En cuanto a los bípedos británicos, ése es otro cantar. Pero no quisiera que mi amigo inglés lo atribuyese a razones patrióticas o sentimentales. La patria, a estas alturas y tal como se ha puesto el kilo, me importa un huevo de pato. Al menos la patria tal y como la entienden los fanáticos, los soplapollas, los mercachifles y los asesinos. Lo que pasa es que uno tiene sus lecturas, y su criterio. Y hasta su personal sentido del humor. Y ahí es donde situamos el asunto. A fin de cuentas nací en una ciudad vinculada al mar y a la Historia, donde el inglés fue siempre la amenaza y el enemigo. En los libros, en los relatos de mi abuelo y de mi padre, aprendí a respetar a esos cabrones arrogantes como políticos, diplomáticos, guerreros y sobre todo marinos; y también a despreciar su hipocresía y su crueldad. A desconfiar sobre todo de su manera de reescribir la Historia a su conveniencia, y de su soberbia frente a los otros pueblos. En cada libro sobre la guerra de la Independencia española, la guerra en el mar o la piratería en América que me eché al cuerpo, toda mención a mis compatriotas se basó siempre en la descalificación y el insulto. Si uno lee las memorias de cualquier militar inglés en la campaña peninsular, concluye que Inglaterra venció a Bonaparte en España a pesar de los propios españoles, siempre sucios, perezosos, viles, cobardes, aún más fastidiosos y ruines como aliados que el enemigo francés. Cosa, por otra parte, que es perfectamente posible, porque quien conoce a mis paisanos conoce el paño. Pero de ahí a decir que Wellington liberó a España de Napoleón media un abismo. Luego está la perfidia histórica, real y documentada, que no fue moco de pavo: los golpes de mano contra posesiones españolas, siempre disfrazando con razones humanitarias lo que fue rivalidad colonial o simple piratería. La canallada de las cuatro fragatas atacadas sin declaración de guerra en 1804. Los asaltos contra Gibraltar, La Habana, Manila, Cartagena de Indias. El silencio sobre los fracasos y el trompeteo sobre las victorias. Recuerdo a un profesor inglés afirmando en clase que Nelson no había sido derrotado nunca. Pero yo sé desde niño que Nelson fue derrotado dos veces por españoles: en 1796, cuando con la Minerve y la Blanche tuvo que abandonar una presa y huir de dos fragatas y un navío de línea, y cuando un año después quiso desembarcar en Tenerife por las bravas y perdió un brazo y trescientos hombres.

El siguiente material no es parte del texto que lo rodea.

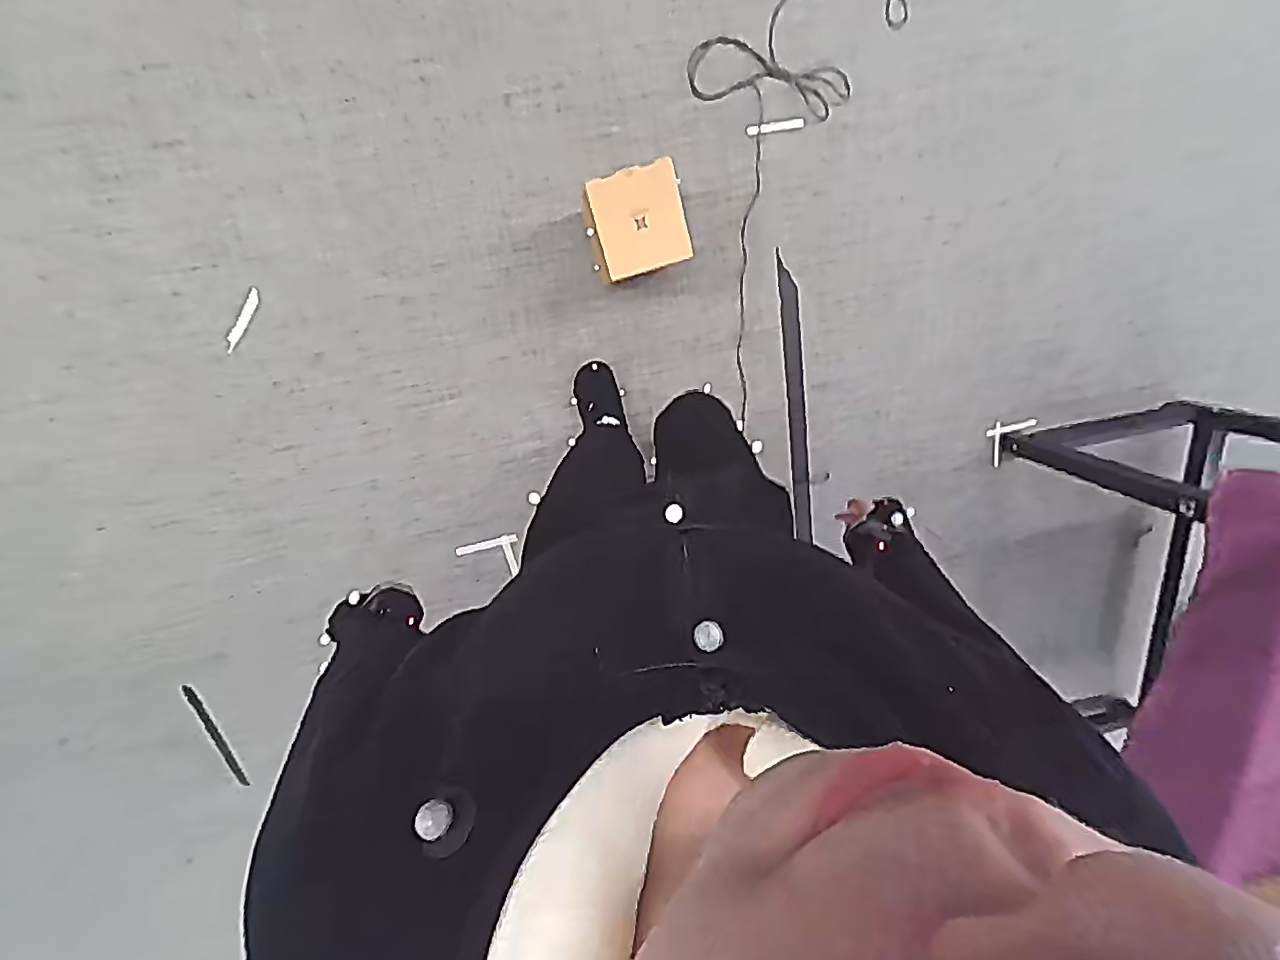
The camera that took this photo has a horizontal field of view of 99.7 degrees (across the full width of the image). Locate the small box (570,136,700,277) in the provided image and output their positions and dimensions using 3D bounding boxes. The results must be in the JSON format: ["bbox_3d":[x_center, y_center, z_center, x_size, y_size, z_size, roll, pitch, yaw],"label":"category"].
[{"bbox_3d":[-0.005,-0.512,1.025,0.179,0.176,0.168,-17,92,18],"label":"small box"}]

No hablo, y espero que lo entienda el amigo inglés, de patrioterismo ni peras en vino tinto, sino de simple memoria. Conozco mi Historia tan bien como algunos conocen la suya, y sé que si España tuvo Trafalgares otros tuvieron Singapures. Del mismo modo puedo afirmar que honrados hispanistas británicos llamados Parker, Kamen o Elliot, me ayudaron a comprender mejor mi propia Historia. Gracias a todo eso, cuando miro atrás no tengo orejeras ni complejos, pero sí buenas referencias. Eso me permite, entre broma y broma, poner un par de puntos sobre las íes, cuando las íes me las escriben hijos de puta con letra bastardilla. Por supuesto que no me siento enemigo de los ingleses, que además leen mis novelas. Vivo en mi tiempo y a mi aire, y sé que la memoria es una cosa, y la guasa al teclear esta página, otra. En lo de la guasa, por cierto, el culpable es mi vecino el rey de Redonda -a quien agradezco la caballerosidad con que se condujo hace unas semanas, tras mi arrebato acuchillador y sanguinario-, que hace tiempo me regaló un grabado antiguo titulado Perros ingleses. Y como él si es anglófilo de pata negra, buena parte de nuestras murgas suelo arrimárselas por esa banda. También puntualizaré que la mentada referencia canina tiene solera: entre el XVI y el XIX era expresión habitual: simple toma y daca para quienes, como dije, dispensaron siempre motes despectivos a todo enemigo o vecino, reservándonos a los españoles lo de grasientos moros -Turner nos dibujó con turbantes en Trafalgar, quizás a mucha honra-, fanáticos papistas, demonios del Mediodía y cosas así. Algo que, con las obligadas actualizaciones, sigue haciendo la prensa amarilla de Su Majestad.